A mudança nos sistemas produtivos das famílias envolvidas com a cooperativa é evidente, com a diversificação da produção sendo impulsionada pelos processos organizativos e de mediação com os mercados estabelecidos pela Coofeliz. A mudança na paisagem, a inserção de outras atividades econômicas (criação animal, por exemplo) e a integração destas com determinados cultivos foram alguns dos principais impactos gerados nas unidades produtivas a partir do acesso ao mercado institucional.
O VALE SOLIDÁRIO COMO MOEDA SOCIAL
Todo o trabalho realizado pela cooperativa provocou a expansão do número de sócios, modificou a estrutura produtiva dos agricultores e promoveu adequações técnicas nas embalagens e estruturas de beneficiamento da cooperativa. Esse processo veio acompanhado da ampliação das movimentações econômicas e dos mercados. A partir da Demonstração do Resultado do Exercício da Coofeliz entre 31 de dezembro de 2010 e 31 de dezembro de 2012, é possível observar essa expansão, com a receita de vendas de mercadorias dos associados passando de R$ 118.101,88 em 2010, para R$ 193.670,00 em 2011 e para R$ 335.000,00 em 2012.
Uma dificuldade apontada pelos agricultores referia-se à demora para receber o pagamento pelos produtos entregues. Na venda para programas governamentais, existe uma série de procedimentos (emissão de nota fiscal, prestação de contas e, finalmente, a liberação do recurso) que faz com que os agricultores recebam o pagamento apenas 30 a 60 dias após a entrega dos produtos. A ausência de capital de giro na cooperativa para adiantar o recurso ao agricultor no ato da entrega do produto é um dos maiores problemas apontados pelos diretores da cooperativa.

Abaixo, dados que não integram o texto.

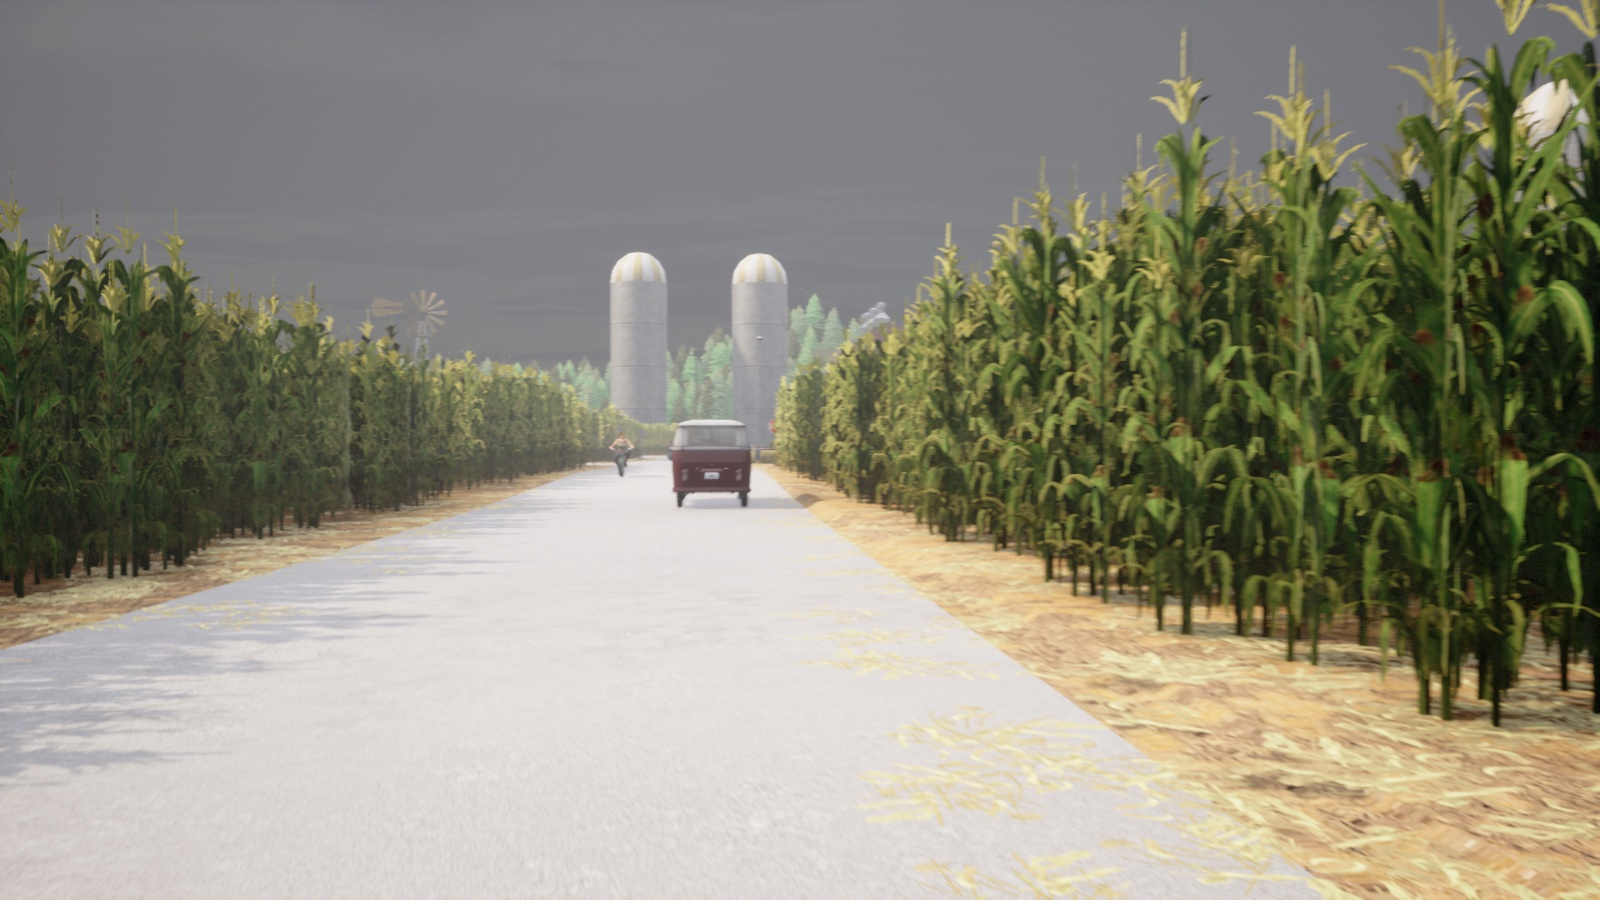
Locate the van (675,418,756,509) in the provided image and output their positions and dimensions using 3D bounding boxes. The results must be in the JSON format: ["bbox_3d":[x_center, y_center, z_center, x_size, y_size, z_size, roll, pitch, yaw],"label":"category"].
[{"bbox_3d":[-1.988,0.257,29.666,1.775,1.987,4.442,0,1,-4],"label":"van"}]

Para garantir a viabilidade das movimentações econômicas, a Coofeliz criou, em 2011, o vale solidário. Atualmente, essa estratégia tem sido usada pelos agricultores sócios da cooperativa nos comércios conveniados, como supermercados, lojas de roupas, lojas de materiais de construção, postos de combustível, farmácias, lojas de produtos agrícolas, papelarias e padarias.
O vale funciona da seguinte maneira: o agricultor entrega seu produto no dia determinado pela cooperativa. Após a conferência do produto, o agricultor recebe uma nota com a relação e o valor dos produtos entregues. O vale solidário é elaborado nesse valor, que pode ser sacado em determinada data na cooperativa de crédito ou repassado pelo agricultor como moeda em um dos comércios conveniados.
O recurso é sacado na Cooperativa de Crédito Rural com Interação Solidária (Cresol), na data do vencimento do vale. Esse vencimento é de 30 a 60 dias, tempo necessário para todos os procedimentos burocráticos de liberação do recurso tanto do PNAE quanto do PAA. Durante esse período, a moeda é movimentada no município. O vale não é um cheque, mas sim um valor movimentado entre as duas cooperativas e que tem como lastro as relações de confiança construídas localmente. Dos R$ 335 mil movimentados pela cooperativa em 2012, R$ 277 mil foram pagos diretamente aos agricultores na forma de moeda social. Dessa forma, o vale solidário aqueceu a economia local, injetando aproximadamente R$ 300 mil na circulação de produtos e serviços ao longo do ano. O convênio feito com as empresas locais e com a cooperativa de crédito baseia-se na crença de que o projeto de desenvolvimento da Coofeliz no município de Espera Feliz traz benefícios para todos, não apenas para agricultores e agricultoras.
A estratégia do vale solidário garantiu a ampliação das relações comerciais da cooperativa, bem como levou ao aumento do número de sócios. Em 2011, a cooperativa apresentava 76 sócios e, em 2012, passou a contar com 105, demonstrando potencial de elevar ainda mais esse número e expandir os mercados.
CONSIDERAÇÕES FINAIS
O mercado institucional proporcionou a estruturação das cooperativas e associações da agricultura familiar. Essa estruturação é estabelecida na medida em que agricultores e agricultoras tecem inovações organizacionais para garantir a viabilidade do negócio. A interação entre organizações cooperativas de diferentes setores (crédito e produção), como é o caso de Espera Feliz, cumpre um papel importante no acesso aos mercados.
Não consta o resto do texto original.